Older, lactating cows with calves younger than two months of age have the greatest susceptibility to tetany. Mature cows are less able to mobilize Mg from their bones to maintain blood Mg levels. Additionally, cows within two months of calving have higher requirements for Ca and Mg due to lactation. Steers, heifers, dry cows, cows with calves older than four months of age and bulls are less susceptible.

    Management Considerations

    Prevention is key to minimizing risks associated with lactating cows grazing lush pastures. Options for prevention include:

    • Delay turn-out until plants are 4 to 6 inches tall.
    • Provide a high-magnesium (Mg) supplement containing 8 to 12% Mg at 3 to 4 oz. daily intake starting two to three weeks prior to turnout.
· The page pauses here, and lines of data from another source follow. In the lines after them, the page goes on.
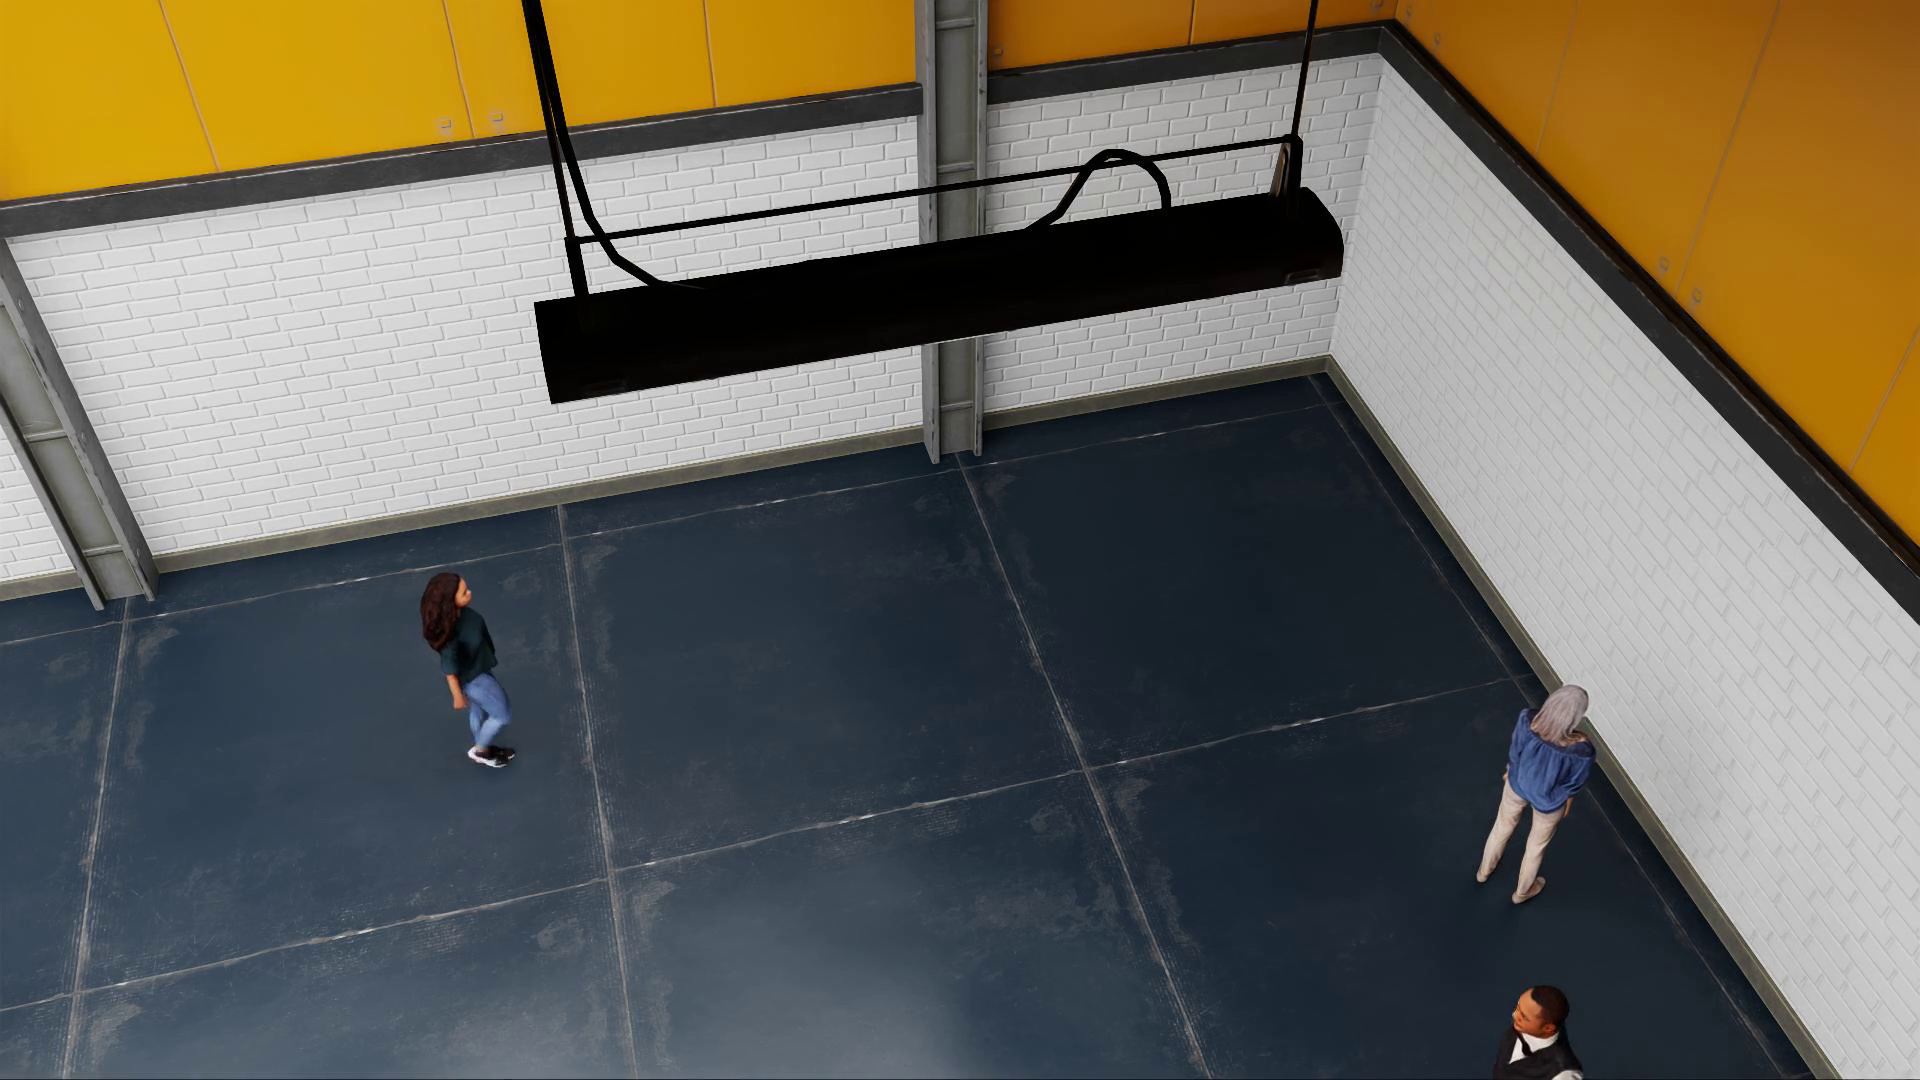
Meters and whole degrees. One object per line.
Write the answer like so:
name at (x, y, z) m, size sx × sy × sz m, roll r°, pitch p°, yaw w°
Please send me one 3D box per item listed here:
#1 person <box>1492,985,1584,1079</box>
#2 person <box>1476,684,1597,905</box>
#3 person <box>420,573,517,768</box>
person at (2.758, 2.707, 7.869) m, size 1.310 × 1.864 × 0.893 m, roll -9°, pitch 44°, yaw -9°
person at (3.235, 1.419, 9.343) m, size 0.709 × 1.697 × 0.730 m, roll 33°, pitch 53°, yaw 30°
person at (-3.026, 0.809, 10.049) m, size 0.613 × 1.605 × 0.597 m, roll -7°, pitch 44°, yaw -7°

For a cooked molasses product with a recommended intake of approximately 1 pound per day, the guaranteed analysis for Mg should be approximately 4%. Read the label to ensure adequate Mg levels; know recommended intake and monitor consumption.
    • Provide hay while cattle are grazing lush pastures; however, cattle are not likely to eat hay unless forced to. Dry forages can provide additional Mg and Ca.
    • If the water source is a tank, soluble Mg salts can be added, such as magnesium acetate, magnesium chloride and magnesium sulfate (Epsom salts).
    • A long-term approach is to incorporate more legumes into pasture mixes, as legumes have higher Mg and Ca than do immature grasses, resulting in a better balance across the pasture.

    Symptoms and Treatment

    Death from grass tetany can occur very rapidly, therefore symptoms may not be observed. Symptoms progress over 4 to 8 hours as follows: grazing away from the herd, irritability, muscle twitching in the flank, wide-eyed and staring, muscular incoordination, staggering, collapse, thrashing, head thrown back, coma and finally death. Affected animals should be handled calmly, because stress can cause sudden death.

    Treatment options are available, but effectiveness depends on the clinical stage when it is administered. If treatment is started one or two hours after clinical signs develop, the results are usually a quick recovery. Treatment is not effective if delayed until the coma stage. Grass tetany can be treated with an intravenous dextrose-based commercial preparation of magnesium and calcium purchased from a local veterinarian.

    Remember cattle are more susceptible to grass tetany in the spring with weather events increasing risk. Determine and implement prevention practices, monitor cattle for symptoms, and treat as soon as possible according to a protocol developed with your veterinarian.